Publishing success: Plenty of pie for everyone

There’s plenty of pie. No need to be a jerk about it.

R.J. Ellory is a British author of crime thrillers. He’s written ten novels that have sold a combined million copies, which qualifies as a major success. He’s won any number of awards, large and small, in his genre.

He also created multiple fake accounts so he could give his own books five-star reviews on Amazon.com. That, of course, would constitute a major lapse of ethical judgment. The fact that he also went on to give other crime writers one-star reviews on the same site is absolutely unforgivable.

I have a background in business journalism, and I’ve learned a lot about publishing over the last year and a half. One of my biggest takeaways is this:

Authors don’t have “rivals.”

General Motors has rivals. Microsoft has rivals. NBC has rivals. They each have products that they bring to market that rival products made by other companies. People only need one or two cars at any given time. They only need one operating system or word processing program per computer (mostly). They can generally watch only one show at a time, and even with DVR and streaming, only have enough time to consume a handful of shows regularly.

So does that mean authors are in direct competition with each other for readers? Is my debut novel next year going to tank if it comes out the same week as Jonathan Frazen‘s next book? John Scalzi is going to release digital “episodes” of his next novel over the course of months, then put out a combined print version. How many writers does that man want to sabotage?!

As my agent Sara Megibow likes to point out over on Twitter, publishing success is a very big pie. And the more success that’s generated, the more pie is made. Take a look at the Harry Potter phenomenon for the past 15 years or so. Did the fact that Harry Potter was a worldwide hit somehow keep other books from selling at all? Of course not. In fact, J.K. Rowling brought millions more readers into the mix, and when they were done with her series, they looked for other books. Her success helped the entire industry.

So what was Ellory thinking when he slammed other writers’ work? I have no idea. Personally, I want authors in my genre to succeed, and succeed wildly. More people reading fantasy and science fiction means there are more people casting about for something new in the genre, and that means more people might opt to give my book (coming May 7!) a try. And in turn, if people judge my book on its merits and find it worth their time and money, I hope they’d then look into other authors in my genre. Thus, the virtuous loop continues.

Yes, the average consumer has only so much money for book purchases, and it’s tempting to fall into the trap of believing that buying one author’s book is one less royalty for someone else. But the barrier to entry for book purchases has fallen considerably thanks to e-books, and again, it’s not like a fan of sci-fi is going to be sated after reading just one book. I also recognize it can be easy for debut and even mid-list authors to get lost in the shuffle, but that just means we as writers need to put in the hard work to write good books and promote them — ethically! — as best we can.

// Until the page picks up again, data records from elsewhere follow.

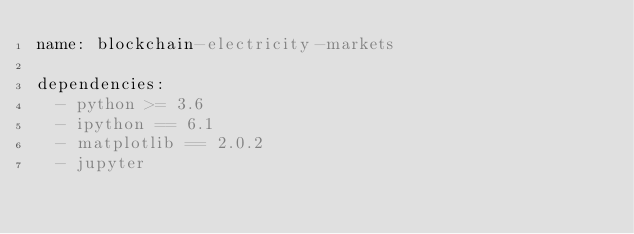<code> <loc_0><loc_0><loc_500><loc_500><_YAML_>name: blockchain-electricity-markets

dependencies:
  - python >= 3.6
  - ipython == 6.1
  - matplotlib == 2.0.2
  - jupyter
</code> 
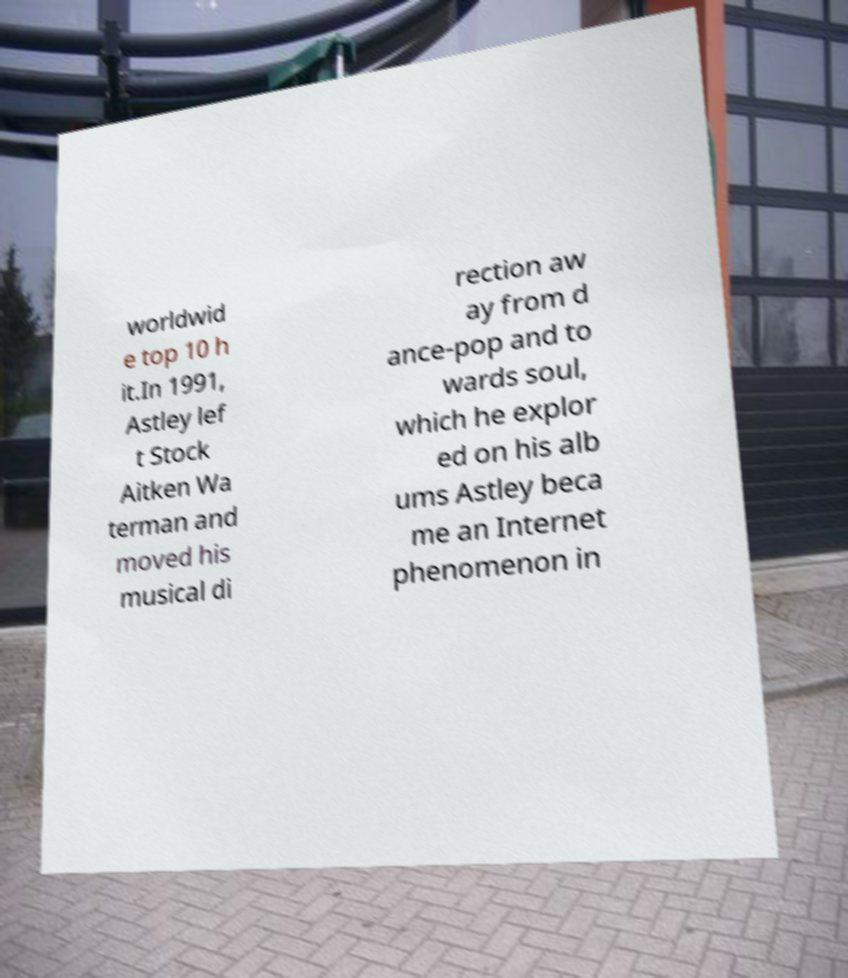Can you accurately transcribe the text from the provided image for me? worldwid e top 10 h it.In 1991, Astley lef t Stock Aitken Wa terman and moved his musical di rection aw ay from d ance-pop and to wards soul, which he explor ed on his alb ums Astley beca me an Internet phenomenon in 
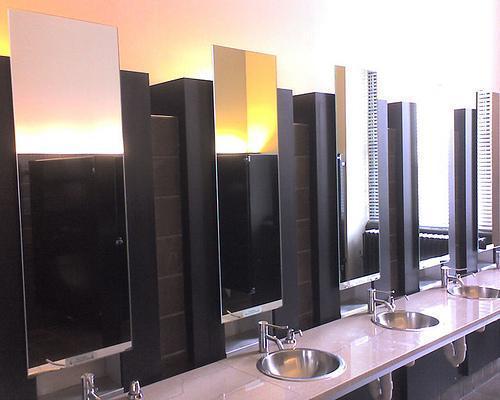How many sinks are there?
Give a very brief answer. 4. How many pipes?
Give a very brief answer. 2. How many mirrors?
Give a very brief answer. 5. How many sets of pipes?
Give a very brief answer. 2. 
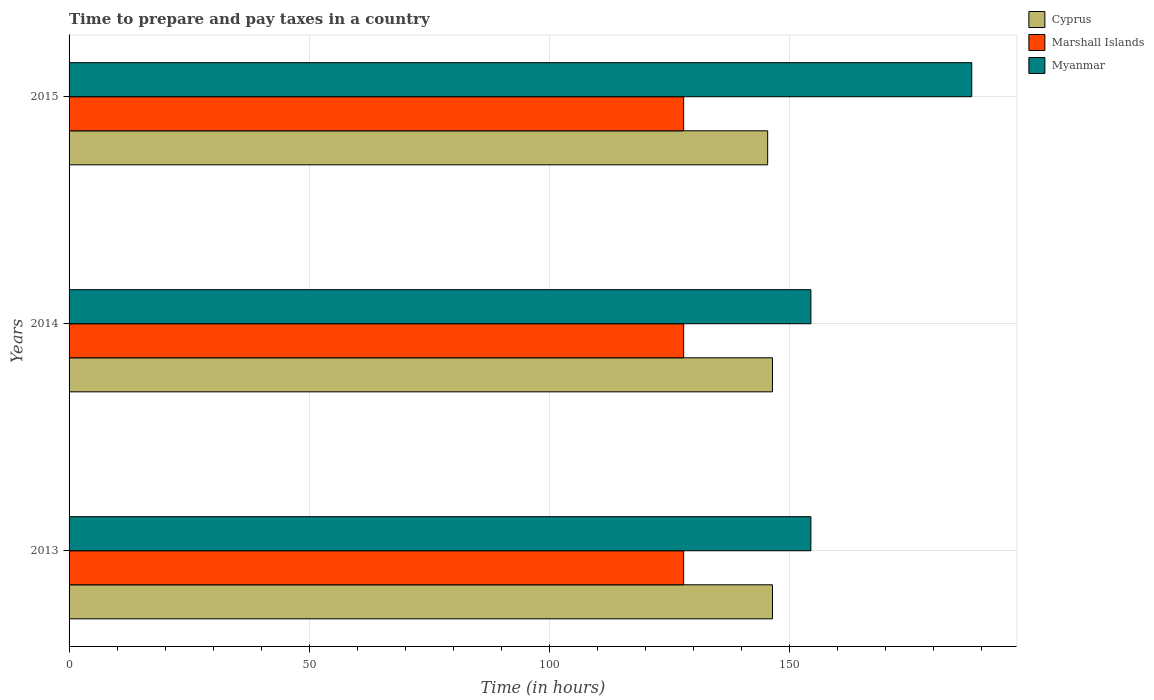How many groups of bars are there?
Keep it short and to the point. 3. Are the number of bars per tick equal to the number of legend labels?
Give a very brief answer. Yes. Are the number of bars on each tick of the Y-axis equal?
Ensure brevity in your answer.  Yes. How many bars are there on the 2nd tick from the top?
Keep it short and to the point. 3. How many bars are there on the 1st tick from the bottom?
Your response must be concise. 3. What is the number of hours required to prepare and pay taxes in Myanmar in 2014?
Your answer should be compact. 154.5. Across all years, what is the maximum number of hours required to prepare and pay taxes in Myanmar?
Provide a succinct answer. 188. Across all years, what is the minimum number of hours required to prepare and pay taxes in Cyprus?
Offer a terse response. 145.5. In which year was the number of hours required to prepare and pay taxes in Marshall Islands minimum?
Keep it short and to the point. 2013. What is the total number of hours required to prepare and pay taxes in Myanmar in the graph?
Your answer should be very brief. 497. What is the difference between the number of hours required to prepare and pay taxes in Marshall Islands in 2013 and the number of hours required to prepare and pay taxes in Myanmar in 2015?
Give a very brief answer. -60. What is the average number of hours required to prepare and pay taxes in Cyprus per year?
Your answer should be compact. 146.17. In how many years, is the number of hours required to prepare and pay taxes in Marshall Islands greater than 140 hours?
Provide a short and direct response. 0. Is the difference between the number of hours required to prepare and pay taxes in Cyprus in 2013 and 2015 greater than the difference between the number of hours required to prepare and pay taxes in Marshall Islands in 2013 and 2015?
Your response must be concise. Yes. What is the difference between the highest and the lowest number of hours required to prepare and pay taxes in Myanmar?
Make the answer very short. 33.5. What does the 3rd bar from the top in 2014 represents?
Make the answer very short. Cyprus. What does the 2nd bar from the bottom in 2013 represents?
Your answer should be very brief. Marshall Islands. Is it the case that in every year, the sum of the number of hours required to prepare and pay taxes in Cyprus and number of hours required to prepare and pay taxes in Marshall Islands is greater than the number of hours required to prepare and pay taxes in Myanmar?
Offer a very short reply. Yes. Are all the bars in the graph horizontal?
Your answer should be compact. Yes. Does the graph contain grids?
Offer a very short reply. Yes. What is the title of the graph?
Provide a succinct answer. Time to prepare and pay taxes in a country. What is the label or title of the X-axis?
Your answer should be very brief. Time (in hours). What is the label or title of the Y-axis?
Your response must be concise. Years. What is the Time (in hours) in Cyprus in 2013?
Your response must be concise. 146.5. What is the Time (in hours) of Marshall Islands in 2013?
Make the answer very short. 128. What is the Time (in hours) of Myanmar in 2013?
Your response must be concise. 154.5. What is the Time (in hours) in Cyprus in 2014?
Offer a very short reply. 146.5. What is the Time (in hours) in Marshall Islands in 2014?
Provide a short and direct response. 128. What is the Time (in hours) of Myanmar in 2014?
Make the answer very short. 154.5. What is the Time (in hours) of Cyprus in 2015?
Your answer should be very brief. 145.5. What is the Time (in hours) of Marshall Islands in 2015?
Ensure brevity in your answer.  128. What is the Time (in hours) in Myanmar in 2015?
Your response must be concise. 188. Across all years, what is the maximum Time (in hours) of Cyprus?
Ensure brevity in your answer.  146.5. Across all years, what is the maximum Time (in hours) of Marshall Islands?
Ensure brevity in your answer.  128. Across all years, what is the maximum Time (in hours) of Myanmar?
Give a very brief answer. 188. Across all years, what is the minimum Time (in hours) in Cyprus?
Keep it short and to the point. 145.5. Across all years, what is the minimum Time (in hours) in Marshall Islands?
Make the answer very short. 128. Across all years, what is the minimum Time (in hours) of Myanmar?
Offer a very short reply. 154.5. What is the total Time (in hours) in Cyprus in the graph?
Make the answer very short. 438.5. What is the total Time (in hours) of Marshall Islands in the graph?
Offer a terse response. 384. What is the total Time (in hours) in Myanmar in the graph?
Keep it short and to the point. 497. What is the difference between the Time (in hours) in Marshall Islands in 2013 and that in 2014?
Keep it short and to the point. 0. What is the difference between the Time (in hours) of Myanmar in 2013 and that in 2015?
Provide a succinct answer. -33.5. What is the difference between the Time (in hours) in Myanmar in 2014 and that in 2015?
Give a very brief answer. -33.5. What is the difference between the Time (in hours) in Cyprus in 2013 and the Time (in hours) in Myanmar in 2014?
Make the answer very short. -8. What is the difference between the Time (in hours) of Marshall Islands in 2013 and the Time (in hours) of Myanmar in 2014?
Keep it short and to the point. -26.5. What is the difference between the Time (in hours) of Cyprus in 2013 and the Time (in hours) of Marshall Islands in 2015?
Keep it short and to the point. 18.5. What is the difference between the Time (in hours) of Cyprus in 2013 and the Time (in hours) of Myanmar in 2015?
Provide a succinct answer. -41.5. What is the difference between the Time (in hours) in Marshall Islands in 2013 and the Time (in hours) in Myanmar in 2015?
Offer a terse response. -60. What is the difference between the Time (in hours) in Cyprus in 2014 and the Time (in hours) in Marshall Islands in 2015?
Provide a short and direct response. 18.5. What is the difference between the Time (in hours) in Cyprus in 2014 and the Time (in hours) in Myanmar in 2015?
Provide a short and direct response. -41.5. What is the difference between the Time (in hours) of Marshall Islands in 2014 and the Time (in hours) of Myanmar in 2015?
Offer a terse response. -60. What is the average Time (in hours) of Cyprus per year?
Ensure brevity in your answer.  146.17. What is the average Time (in hours) in Marshall Islands per year?
Offer a very short reply. 128. What is the average Time (in hours) of Myanmar per year?
Provide a succinct answer. 165.67. In the year 2013, what is the difference between the Time (in hours) of Cyprus and Time (in hours) of Myanmar?
Ensure brevity in your answer.  -8. In the year 2013, what is the difference between the Time (in hours) of Marshall Islands and Time (in hours) of Myanmar?
Provide a succinct answer. -26.5. In the year 2014, what is the difference between the Time (in hours) of Cyprus and Time (in hours) of Myanmar?
Give a very brief answer. -8. In the year 2014, what is the difference between the Time (in hours) of Marshall Islands and Time (in hours) of Myanmar?
Offer a very short reply. -26.5. In the year 2015, what is the difference between the Time (in hours) of Cyprus and Time (in hours) of Marshall Islands?
Ensure brevity in your answer.  17.5. In the year 2015, what is the difference between the Time (in hours) in Cyprus and Time (in hours) in Myanmar?
Offer a terse response. -42.5. In the year 2015, what is the difference between the Time (in hours) of Marshall Islands and Time (in hours) of Myanmar?
Your response must be concise. -60. What is the ratio of the Time (in hours) of Cyprus in 2013 to that in 2014?
Make the answer very short. 1. What is the ratio of the Time (in hours) of Marshall Islands in 2013 to that in 2014?
Make the answer very short. 1. What is the ratio of the Time (in hours) of Cyprus in 2013 to that in 2015?
Keep it short and to the point. 1.01. What is the ratio of the Time (in hours) in Myanmar in 2013 to that in 2015?
Your answer should be compact. 0.82. What is the ratio of the Time (in hours) of Marshall Islands in 2014 to that in 2015?
Ensure brevity in your answer.  1. What is the ratio of the Time (in hours) of Myanmar in 2014 to that in 2015?
Offer a very short reply. 0.82. What is the difference between the highest and the second highest Time (in hours) in Myanmar?
Your response must be concise. 33.5. What is the difference between the highest and the lowest Time (in hours) of Marshall Islands?
Ensure brevity in your answer.  0. What is the difference between the highest and the lowest Time (in hours) of Myanmar?
Keep it short and to the point. 33.5.

So long as there’s a system of rating, at Amazon or elsewhere, there will be people inclined to rate a book as low as possible. In some cases, people will have read and genuinely disliked the book in question to the point where they believe it to be a one-star work. Others — likely the majority of one-star reviewers — are simply jerks who like to mess with authors’ livelihoods and readers’ purchases because they can. And a few, like Mr. Ellory, intend genuine harm with bogus reviews against so-called rivals.

We cannot, sadly, create a system that is jerk-free because, in the end, there will always be jerks. My message is this: don’t be that jerk.

If you review books, review them honestly. If you’re a writer, celebrate other writers’ successes and give them their props. If you do both, all I can say is that you really need to be fair and understanding in your reviews. Personally, I’m more than happy to give a shout-out to books I like. If I don’t like it, I’ll probably keep that opinion to myself unless asked directly.

Also, writers, don’t let one-star reviews bother you. There was the brouhaha about the Goodreads bullies, where some authors who received one-star reviews from a few jerks (and some honest reviewers as well) responded by becoming jerks in their own right. Rise above, people. Turn the other cheek, walk away, don’t engage it. Focus your energies on the work, not on engaging in debates or retaliation.

OK, so Hemingway and Faulkner didn’t like each other, and Mario Vargas Llosa once punched Gabriel Garcia Marquez in the face. They may have been rivals in a personal sense. But they all managed to sell a few books. You can too, and you don’t need to punch anyone or diss them online. The authors I’ve interacted with thus far are uniformly welcoming and supportive, and I’m grateful for it. I try to return the favor whenever I can. It’s a big, growing pie, and we can all have some.

Dang. Now I want pie.

2 Comments

Filed under Books, Writing

2 responses to “Publishing success: Plenty of pie for everyone

  1. Authors don’t have “rivals.”

    This! You make a fantastic point in this post — the best way to encourage people to read is by having lots of awesome books out there, and if people aren’t being encouraged to read, then chances are your books won’t do that well either! (And in any case, I somehow doubt I would want readers who would read just one decent book and then simply stop.)

    Also, that is a pretty fantastic picture of pie. 😉

  2. Excellent post, Mike. I totally agree. Its sad and counterproductive for writers to bash other writers.